No, Meyer and Moran demonstrated that listeners could not consistently differentiate between Redbook and SACD resolution. Period. The addition of MP3 samples to Meyer and Moran would not have made it more meaningful, it would have made it a different study altogether. The introduction of a control, something subtle but clearly audible, may have revealed participants with bad hearing or a bias against hearing any audio differences at all, but that was covered by the depth and breadth of the study, the screening of the participants and their sheer numbers.

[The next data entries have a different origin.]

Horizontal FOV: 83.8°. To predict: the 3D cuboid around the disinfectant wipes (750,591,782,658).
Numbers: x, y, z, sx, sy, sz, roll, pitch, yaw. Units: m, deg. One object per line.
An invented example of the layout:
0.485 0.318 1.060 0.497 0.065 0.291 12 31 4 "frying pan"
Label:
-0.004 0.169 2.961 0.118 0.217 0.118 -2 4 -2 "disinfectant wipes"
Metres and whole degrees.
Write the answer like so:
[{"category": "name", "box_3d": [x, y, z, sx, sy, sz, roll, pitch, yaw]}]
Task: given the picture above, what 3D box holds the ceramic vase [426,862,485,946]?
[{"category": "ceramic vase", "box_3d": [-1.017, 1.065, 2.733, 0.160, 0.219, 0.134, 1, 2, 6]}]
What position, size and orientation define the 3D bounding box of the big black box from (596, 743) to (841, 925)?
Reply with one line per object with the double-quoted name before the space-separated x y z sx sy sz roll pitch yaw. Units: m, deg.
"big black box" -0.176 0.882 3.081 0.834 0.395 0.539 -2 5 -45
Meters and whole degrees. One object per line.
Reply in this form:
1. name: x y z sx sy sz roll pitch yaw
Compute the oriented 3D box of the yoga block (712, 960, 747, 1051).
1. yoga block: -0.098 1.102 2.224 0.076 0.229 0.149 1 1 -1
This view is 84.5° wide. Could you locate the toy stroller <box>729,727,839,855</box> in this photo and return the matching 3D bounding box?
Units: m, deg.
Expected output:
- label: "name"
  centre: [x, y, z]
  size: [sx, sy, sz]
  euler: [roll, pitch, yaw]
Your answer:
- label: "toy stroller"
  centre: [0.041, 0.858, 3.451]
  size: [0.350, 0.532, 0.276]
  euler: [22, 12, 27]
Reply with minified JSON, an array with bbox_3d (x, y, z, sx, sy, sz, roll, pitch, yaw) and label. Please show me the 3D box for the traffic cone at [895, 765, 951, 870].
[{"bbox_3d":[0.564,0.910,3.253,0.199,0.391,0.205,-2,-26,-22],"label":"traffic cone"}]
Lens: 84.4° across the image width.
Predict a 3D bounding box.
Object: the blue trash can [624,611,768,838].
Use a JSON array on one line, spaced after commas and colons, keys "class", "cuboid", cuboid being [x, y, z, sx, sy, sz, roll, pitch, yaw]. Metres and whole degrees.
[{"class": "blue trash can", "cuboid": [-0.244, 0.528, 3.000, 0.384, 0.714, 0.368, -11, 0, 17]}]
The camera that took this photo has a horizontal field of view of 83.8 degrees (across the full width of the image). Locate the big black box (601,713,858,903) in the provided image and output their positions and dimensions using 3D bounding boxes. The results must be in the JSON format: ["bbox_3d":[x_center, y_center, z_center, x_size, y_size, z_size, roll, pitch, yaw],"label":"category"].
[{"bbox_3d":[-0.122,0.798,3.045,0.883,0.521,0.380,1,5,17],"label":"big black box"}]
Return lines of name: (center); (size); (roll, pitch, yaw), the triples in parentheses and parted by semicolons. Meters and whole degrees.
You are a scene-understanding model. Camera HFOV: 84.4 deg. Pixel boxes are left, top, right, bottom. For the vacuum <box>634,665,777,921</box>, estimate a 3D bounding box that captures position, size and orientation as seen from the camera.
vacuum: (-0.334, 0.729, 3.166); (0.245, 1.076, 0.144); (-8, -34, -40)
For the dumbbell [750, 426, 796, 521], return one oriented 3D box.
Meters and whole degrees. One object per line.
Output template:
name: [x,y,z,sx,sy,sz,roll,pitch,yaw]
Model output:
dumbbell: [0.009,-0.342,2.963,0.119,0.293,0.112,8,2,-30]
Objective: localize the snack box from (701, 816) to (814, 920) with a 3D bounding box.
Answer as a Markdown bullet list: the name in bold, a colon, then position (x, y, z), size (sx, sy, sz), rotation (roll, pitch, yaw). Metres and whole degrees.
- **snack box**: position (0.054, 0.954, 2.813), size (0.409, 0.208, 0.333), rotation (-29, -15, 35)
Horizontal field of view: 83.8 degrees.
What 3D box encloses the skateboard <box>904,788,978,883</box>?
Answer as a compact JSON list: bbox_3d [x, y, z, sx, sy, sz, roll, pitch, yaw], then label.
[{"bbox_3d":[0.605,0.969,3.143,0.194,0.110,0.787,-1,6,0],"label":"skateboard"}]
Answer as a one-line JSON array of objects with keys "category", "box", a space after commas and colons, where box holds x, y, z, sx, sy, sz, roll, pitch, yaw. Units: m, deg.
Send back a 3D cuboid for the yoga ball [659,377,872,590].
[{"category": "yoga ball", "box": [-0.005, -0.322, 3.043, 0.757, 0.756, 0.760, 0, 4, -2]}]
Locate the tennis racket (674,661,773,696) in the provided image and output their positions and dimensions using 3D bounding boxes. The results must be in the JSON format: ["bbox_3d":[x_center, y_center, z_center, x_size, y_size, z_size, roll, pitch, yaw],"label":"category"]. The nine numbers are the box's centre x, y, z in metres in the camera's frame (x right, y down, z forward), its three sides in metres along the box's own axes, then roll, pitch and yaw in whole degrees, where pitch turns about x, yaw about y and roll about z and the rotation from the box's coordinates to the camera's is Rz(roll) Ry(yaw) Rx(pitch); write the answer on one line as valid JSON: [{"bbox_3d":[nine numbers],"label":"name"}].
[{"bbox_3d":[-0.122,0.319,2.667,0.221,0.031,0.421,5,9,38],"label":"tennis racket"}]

The concept of using positive & negative controls is exactly for that reason - to validate that the test is also capable of revealing what it purports to test. If you don;t understand that, then you don't understand what is a valid DBT & what isn't

JJ probably can tell you more on this - he has mentioned it plenty of times!

 

[jkeny]

I would like to add, that measurments mean "everything" when, now hold on a minute , when it comes to characterizing the fidelity of a signal, an electronics signal, in the case of audio, measured at the output of the mic to the output of the power amp. Of course, if you want to get very scientific (and we should), you can do a lot of special tests at the amp/speaker interface given different amp topologies and their reactions to speaker loads, but still, measurments have their place in regards signal integrity.

What you hear and prefer are other things entirely.

Yes, this always seems like a reasonable position but then what measurements & what procedure for recording/comparison are you suggesting should be used to check this fidelity?

 

[Groucho]

Yes, this always seems like a reasonable position but then what measurements & what procedure for recording/comparison are you suggesting should be used to check this fidelity?

When it comes to sources and amps, I think it should be possible to run a comprehensive battery of 'distortion' tests (THD, IMD, transient signals, linear distortions e.g. frequency/phase response) and, based on psycho-acoustic models, to come up with a rough measure of the worst case degree of audibility of every deviation from perfection. As in engineering, you can't test a complete complex system exhaustively - far too many permutations, variables and dimensions - but you can test each component or sub-system exhaustively. So you can only crash test a few cars, for example, giving only one or two test cases for each sub-system. But you can test each sub-system (e.g. anti-lock brakes) in a test rig many more times.

If it could be established that certain sources were a hundred times better than they needed to be to be audibly 'perfect', at least they could be 'written out of the equation'. Doing the same for amps into realistic speaker loads (essential) might also allow us to write them out of the equation, too. We could then concentrate on speakers which would be the fun part, it seems to me!

(But of course, I am ignoring the "euphonic distortion" aspect which says that some people actually prefer a non-perfect system. I am not yet convinced that this is not merely a preference of theirs from the selection of inherently compromised systems that they have heard, and that these same people wouldn't prefer a 'perfect' one if they heard it.)